The request body contains data with the following structure:

Fields

contents[] object (Content)

Optional. The input given to the model as a prompt. This field is ignored when generateContentRequest is set.

generateContentRequest object (GenerateContentRequest)

Optional. The overall input given to the Model. This includes the prompt as well as other model steering information like system instructions, and/or function declarations for function calling. Models/Contents and generateContentRequests are mutually exclusive. You can either send Model + Contents or a generateContentRequest, but never both.

Example request

Text

Python

from google import genai

client = genai.Client()
prompt = "The quick brown fox jumps over the lazy dog."

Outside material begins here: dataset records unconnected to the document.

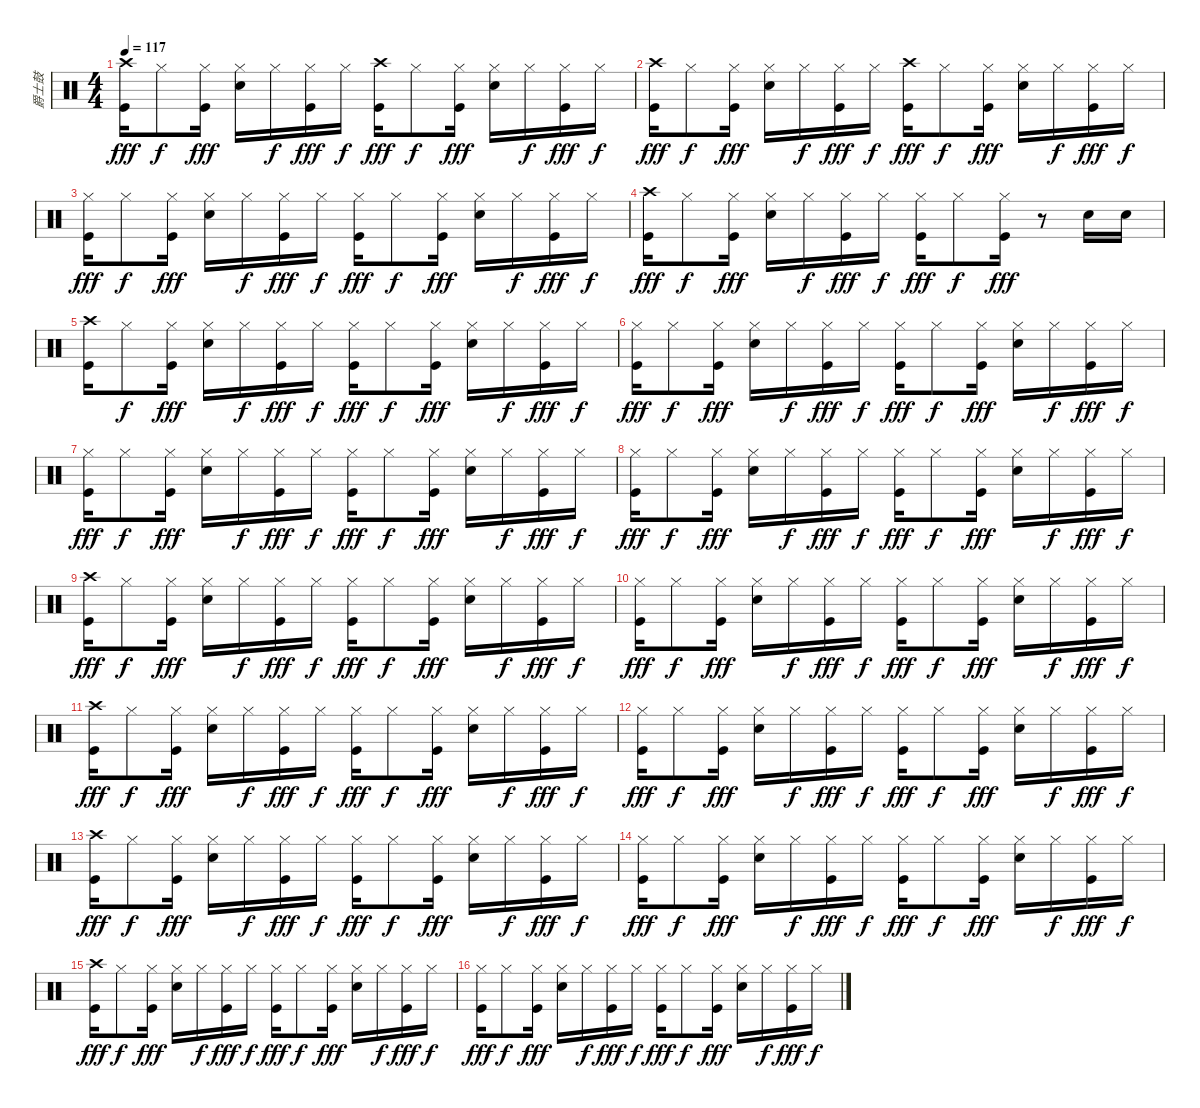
\track ("爵士鼓" "爵士鼓") {instrument percussion}
\staff {score}
\articulation defaults
\ts (4 4)
\tempo 117
\clef neutral
\ks c
("Kick (hit)" "Crash high (hit)").16{dy fff} "Hi-Hat (closed)".8{dy f} ("Kick (hit)" "Hi-Hat (closed)").16{dy fff} ("Snare (hit) 2" "Hi-Hat (closed)").16 "Hi-Hat (closed)".16{dy f} ("Kick (hit)" "Hi-Hat (closed)").16{dy fff} "Hi-Hat (closed)".16{dy f} ("Kick (hit)" "Crash high (hit)").16{dy fff} "Hi-Hat (closed)".8{dy f} ("Kick (hit)" "Hi-Hat (closed)").16{dy fff} ("Snare (hit) 2" "Hi-Hat (closed)").16 "Hi-Hat (closed)".16{dy f} ("Kick (hit)" "Hi-Hat (closed)").16{dy fff} "Hi-Hat (closed)".16{dy f} |
("Kick (hit)" "Crash high (hit)").16{dy fff} "Hi-Hat (closed)".8{dy f} ("Kick (hit)" "Hi-Hat (closed)").16{dy fff} ("Snare (hit) 2" "Hi-Hat (closed)").16 "Hi-Hat (closed)".16{dy f} ("Kick (hit)" "Hi-Hat (closed)").16{dy fff} "Hi-Hat (closed)".16{dy f} ("Kick (hit)" "Crash high (hit)").16{dy fff} "Hi-Hat (closed)".8{dy f} ("Kick (hit)" "Hi-Hat (closed)").16{dy fff} ("Snare (hit) 2" "Hi-Hat (closed)").16 "Hi-Hat (closed)".16{dy f} ("Kick (hit)" "Hi-Hat (closed)").16{dy fff} "Hi-Hat (closed)".16{dy f} |
("Kick (hit)" "Hi-Hat (closed)").16{dy fff} "Hi-Hat (closed)".8{dy f} ("Kick (hit)" "Hi-Hat (closed)").16{dy fff} ("Snare (hit) 2" "Hi-Hat (closed)").16 "Hi-Hat (closed)".16{dy f} ("Kick (hit)" "Hi-Hat (closed)").16{dy fff} "Hi-Hat (closed)".16{dy f} ("Kick (hit)" "Hi-Hat (closed)").16{dy fff} "Hi-Hat (closed)".8{dy f} ("Kick (hit)" "Hi-Hat (closed)").16{dy fff} ("Snare (hit) 2" "Hi-Hat (closed)").16 "Hi-Hat (closed)".16{dy f} ("Kick (hit)" "Hi-Hat (closed)").16{dy fff} "Hi-Hat (closed)".16{dy f} |
("Kick (hit)" "Crash high (hit)").16{dy fff} "Hi-Hat (closed)".8{dy f} ("Kick (hit)" "Hi-Hat (closed)").16{dy fff} ("Snare (hit) 2" "Hi-Hat (closed)").16 "Hi-Hat (closed)".16{dy f} ("Kick (hit)" "Hi-Hat (closed)").16{dy fff} "Hi-Hat (closed)".16{dy f} ("Kick (hit)" "Hi-Hat (closed)").16{dy fff} "Hi-Hat (closed)".8{dy f} ("Kick (hit)" "Hi-Hat (closed)").16{dy fff} r.8 "Snare (hit) 2".16 "Snare (hit) 2".16 |
("Kick (hit)" "Crash high (hit)").16 "Hi-Hat (closed)".8{dy f} ("Kick (hit)" "Hi-Hat (closed)").16{dy fff} ("Snare (hit) 2" "Hi-Hat (closed)").16 "Hi-Hat (closed)".16{dy f} ("Kick (hit)" "Hi-Hat (closed)").16{dy fff} "Hi-Hat (closed)".16{dy f} ("Kick (hit)" "Hi-Hat (closed)").16{dy fff} "Hi-Hat (closed)".8{dy f} ("Kick (hit)" "Hi-Hat (closed)").16{dy fff} ("Snare (hit) 2" "Hi-Hat (closed)").16 "Hi-Hat (closed)".16{dy f} ("Kick (hit)" "Hi-Hat (closed)").16{dy fff} "Hi-Hat (closed)".16{dy f} |
("Kick (hit)" "Hi-Hat (closed)").16{dy fff} "Hi-Hat (closed)".8{dy f} ("Kick (hit)" "Hi-Hat (closed)").16{dy fff} ("Snare (hit) 2" "Hi-Hat (closed)").16 "Hi-Hat (closed)".16{dy f} ("Kick (hit)" "Hi-Hat (closed)").16{dy fff} "Hi-Hat (closed)".16{dy f} ("Kick (hit)" "Hi-Hat (closed)").16{dy fff} "Hi-Hat (closed)".8{dy f} ("Kick (hit)" "Hi-Hat (closed)").16{dy fff} ("Snare (hit) 2" "Hi-Hat (closed)").16 "Hi-Hat (closed)".16{dy f} ("Kick (hit)" "Hi-Hat (closed)").16{dy fff} "Hi-Hat (closed)".16{dy f} |
("Kick (hit)" "Hi-Hat (closed)").16{dy fff} "Hi-Hat (closed)".8{dy f} ("Kick (hit)" "Hi-Hat (closed)").16{dy fff} ("Snare (hit) 2" "Hi-Hat (closed)").16 "Hi-Hat (closed)".16{dy f} ("Kick (hit)" "Hi-Hat (closed)").16{dy fff} "Hi-Hat (closed)".16{dy f} ("Kick (hit)" "Hi-Hat (closed)").16{dy fff} "Hi-Hat (closed)".8{dy f} ("Kick (hit)" "Hi-Hat (closed)").16{dy fff} ("Snare (hit) 2" "Hi-Hat (closed)").16 "Hi-Hat (closed)".16{dy f} ("Kick (hit)" "Hi-Hat (closed)").16{dy fff} "Hi-Hat (closed)".16{dy f} |
("Kick (hit)" "Hi-Hat (closed)").16{dy fff} "Hi-Hat (closed)".8{dy f} ("Kick (hit)" "Hi-Hat (closed)").16{dy fff} ("Snare (hit) 2" "Hi-Hat (closed)").16 "Hi-Hat (closed)".16{dy f} ("Kick (hit)" "Hi-Hat (closed)").16{dy fff} "Hi-Hat (closed)".16{dy f} ("Kick (hit)" "Hi-Hat (closed)").16{dy fff} "Hi-Hat (closed)".8{dy f} ("Kick (hit)" "Hi-Hat (closed)").16{dy fff} ("Snare (hit) 2" "Hi-Hat (closed)").16 "Hi-Hat (closed)".16{dy f} ("Kick (hit)" "Hi-Hat (closed)").16{dy fff} "Hi-Hat (closed)".16{dy f} |
("Kick (hit)" "Crash high (hit)").16{dy fff} "Hi-Hat (closed)".8{dy f} ("Kick (hit)" "Hi-Hat (closed)").16{dy fff} ("Snare (hit) 2" "Hi-Hat (closed)").16 "Hi-Hat (closed)".16{dy f} ("Kick (hit)" "Hi-Hat (closed)").16{dy fff} "Hi-Hat (closed)".16{dy f} ("Kick (hit)" "Hi-Hat (closed)").16{dy fff} "Hi-Hat (closed)".8{dy f} ("Kick (hit)" "Hi-Hat (closed)").16{dy fff} ("Snare (hit) 2" "Hi-Hat (closed)").16 "Hi-Hat (closed)".16{dy f} ("Kick (hit)" "Hi-Hat (closed)").16{dy fff} "Hi-Hat (closed)".16{dy f} |
("Kick (hit)" "Hi-Hat (closed)").16{dy fff} "Hi-Hat (closed)".8{dy f} ("Kick (hit)" "Hi-Hat (closed)").16{dy fff} ("Snare (hit) 2" "Hi-Hat (closed)").16 "Hi-Hat (closed)".16{dy f} ("Kick (hit)" "Hi-Hat (closed)").16{dy fff} "Hi-Hat (closed)".16{dy f} ("Kick (hit)" "Hi-Hat (closed)").16{dy fff} "Hi-Hat (closed)".8{dy f} ("Kick (hit)" "Hi-Hat (closed)").16{dy fff} ("Snare (hit) 2" "Hi-Hat (closed)").16 "Hi-Hat (closed)".16{dy f} ("Kick (hit)" "Hi-Hat (closed)").16{dy fff} "Hi-Hat (closed)".16{dy f} |
("Kick (hit)" "Crash high (hit)").16{dy fff} "Hi-Hat (closed)".8{dy f} ("Kick (hit)" "Hi-Hat (closed)").16{dy fff} ("Snare (hit) 2" "Hi-Hat (closed)").16 "Hi-Hat (closed)".16{dy f} ("Kick (hit)" "Hi-Hat (closed)").16{dy fff} "Hi-Hat (closed)".16{dy f} ("Kick (hit)" "Hi-Hat (closed)").16{dy fff} "Hi-Hat (closed)".8{dy f} ("Kick (hit)" "Hi-Hat (closed)").16{dy fff} ("Snare (hit) 2" "Hi-Hat (closed)").16 "Hi-Hat (closed)".16{dy f} ("Kick (hit)" "Hi-Hat (closed)").16{dy fff} "Hi-Hat (closed)".16{dy f} |
("Kick (hit)" "Hi-Hat (closed)").16{dy fff} "Hi-Hat (closed)".8{dy f} ("Kick (hit)" "Hi-Hat (closed)").16{dy fff} ("Snare (hit) 2" "Hi-Hat (closed)").16 "Hi-Hat (closed)".16{dy f} ("Kick (hit)" "Hi-Hat (closed)").16{dy fff} "Hi-Hat (closed)".16{dy f} ("Kick (hit)" "Hi-Hat (closed)").16{dy fff} "Hi-Hat (closed)".8{dy f} ("Kick (hit)" "Hi-Hat (closed)").16{dy fff} ("Snare (hit) 2" "Hi-Hat (closed)").16 "Hi-Hat (closed)".16{dy f} ("Kick (hit)" "Hi-Hat (closed)").16{dy fff} "Hi-Hat (closed)".16{dy f} |
("Kick (hit)" "Crash high (hit)").16{dy fff} "Hi-Hat (closed)".8{dy f} ("Kick (hit)" "Hi-Hat (closed)").16{dy fff} ("Snare (hit) 2" "Hi-Hat (closed)").16 "Hi-Hat (closed)".16{dy f} ("Kick (hit)" "Hi-Hat (closed)").16{dy fff} "Hi-Hat (closed)".16{dy f} ("Kick (hit)" "Hi-Hat (closed)").16{dy fff} "Hi-Hat (closed)".8{dy f} ("Kick (hit)" "Hi-Hat (closed)").16{dy fff} ("Snare (hit) 2" "Hi-Hat (closed)").16 "Hi-Hat (closed)".16{dy f} ("Kick (hit)" "Hi-Hat (closed)").16{dy fff} "Hi-Hat (closed)".16{dy f} |
("Kick (hit)" "Hi-Hat (closed)").16{dy fff} "Hi-Hat (closed)".8{dy f} ("Kick (hit)" "Hi-Hat (closed)").16{dy fff} ("Snare (hit) 2" "Hi-Hat (closed)").16 "Hi-Hat (closed)".16{dy f} ("Kick (hit)" "Hi-Hat (closed)").16{dy fff} "Hi-Hat (closed)".16{dy f} ("Kick (hit)" "Hi-Hat (closed)").16{dy fff} "Hi-Hat (closed)".8{dy f} ("Kick (hit)" "Hi-Hat (closed)").16{dy fff} ("Snare (hit) 2" "Hi-Hat (closed)").16 "Hi-Hat (closed)".16{dy f} ("Kick (hit)" "Hi-Hat (closed)").16{dy fff} "Hi-Hat (closed)".16{dy f} |
("Kick (hit)" "Crash high (hit)").16{dy fff} "Hi-Hat (closed)".8{dy f} ("Kick (hit)" "Hi-Hat (closed)").16{dy fff} ("Snare (hit) 2" "Hi-Hat (closed)").16 "Hi-Hat (closed)".16{dy f} ("Kick (hit)" "Hi-Hat (closed)").16{dy fff} "Hi-Hat (closed)".16{dy f} ("Kick (hit)" "Hi-Hat (closed)").16{dy fff} "Hi-Hat (closed)".8{dy f} ("Kick (hit)" "Hi-Hat (closed)").16{dy fff} ("Snare (hit) 2" "Hi-Hat (closed)").16 "Hi-Hat (closed)".16{dy f} ("Kick (hit)" "Hi-Hat (closed)").16{dy fff} "Hi-Hat (closed)".16{dy f} |
("Kick (hit)" "Hi-Hat (closed)").16{dy fff} "Hi-Hat (closed)".8{dy f} ("Kick (hit)" "Hi-Hat (closed)").16{dy fff} ("Snare (hit) 2" "Hi-Hat (closed)").16 "Hi-Hat (closed)".16{dy f} ("Kick (hit)" "Hi-Hat (closed)").16{dy fff} "Hi-Hat (closed)".16{dy f} ("Kick (hit)" "Hi-Hat (closed)").16{dy fff} "Hi-Hat (closed)".8{dy f} ("Kick (hit)" "Hi-Hat (closed)").16{dy fff} ("Snare (hit) 2" "Hi-Hat (closed)").16 "Hi-Hat (closed)".16{dy f} ("Kick (hit)" "Hi-Hat (closed)").16{dy fff} "Hi-Hat (closed)".16{dy f}

# Count tokens using the new client method.
total_tokens = client.models.count_tokens(
    model="gemini-2.0-flash", contents=prompt
)
print("total_tokens: ", total_tokens)
# ( e.g., total_tokens: 10 )

response = client.models.generate_content(
    model="gemini-2.0-flash", contents=prompt
)

# The usage_metadata provides detailed token counts.
print(response.usage_metadata)
# ( e.g., prompt_token_count: 11, candidates_token_count: 73, total_token_count: 84 )count_tokens.py

Node.js

// Make sure to include the following import:
// import {GoogleGenAI} from '@google/genai';
const ai = new GoogleGenAI({ apiKey: process.env.GEMINI_API_KEY });
const prompt = "The quick brown fox jumps over the lazy dog.";
const countTokensResponse = await ai.models.countTokens({
  model: "gemini-2.0-flash",
  contents: prompt,
});
console.log(countTokensResponse.totalTokens);

const generateResponse = await ai.models.generateContent({
  model: "gemini-2.0-flash",
  contents: prompt,
});
console.log(generateResponse.usageMetadata);count_tokens.js

Go

ctx := context.Background()
client, err := genai.NewClient(ctx, &genai.ClientConfig{
	APIKey:  os.Getenv("GEMINI_API_KEY"),
	Backend: genai.BackendGeminiAPI,
})
if err != nil {
	log.Fatal(err)
}
prompt := "The quick brown fox jumps over the lazy dog."

// Convert prompt to a slice of *genai.Content using the helper.
contents := []*genai.Content{
	genai.NewContentFromText(prompt, genai.RoleUser),
}
countResp, err := client.Models.CountTokens(ctx, "gemini-2.0-flash", contents, nil)
if err != nil {
	return err
}
fmt.Println("total_tokens:", countResp.TotalTokens)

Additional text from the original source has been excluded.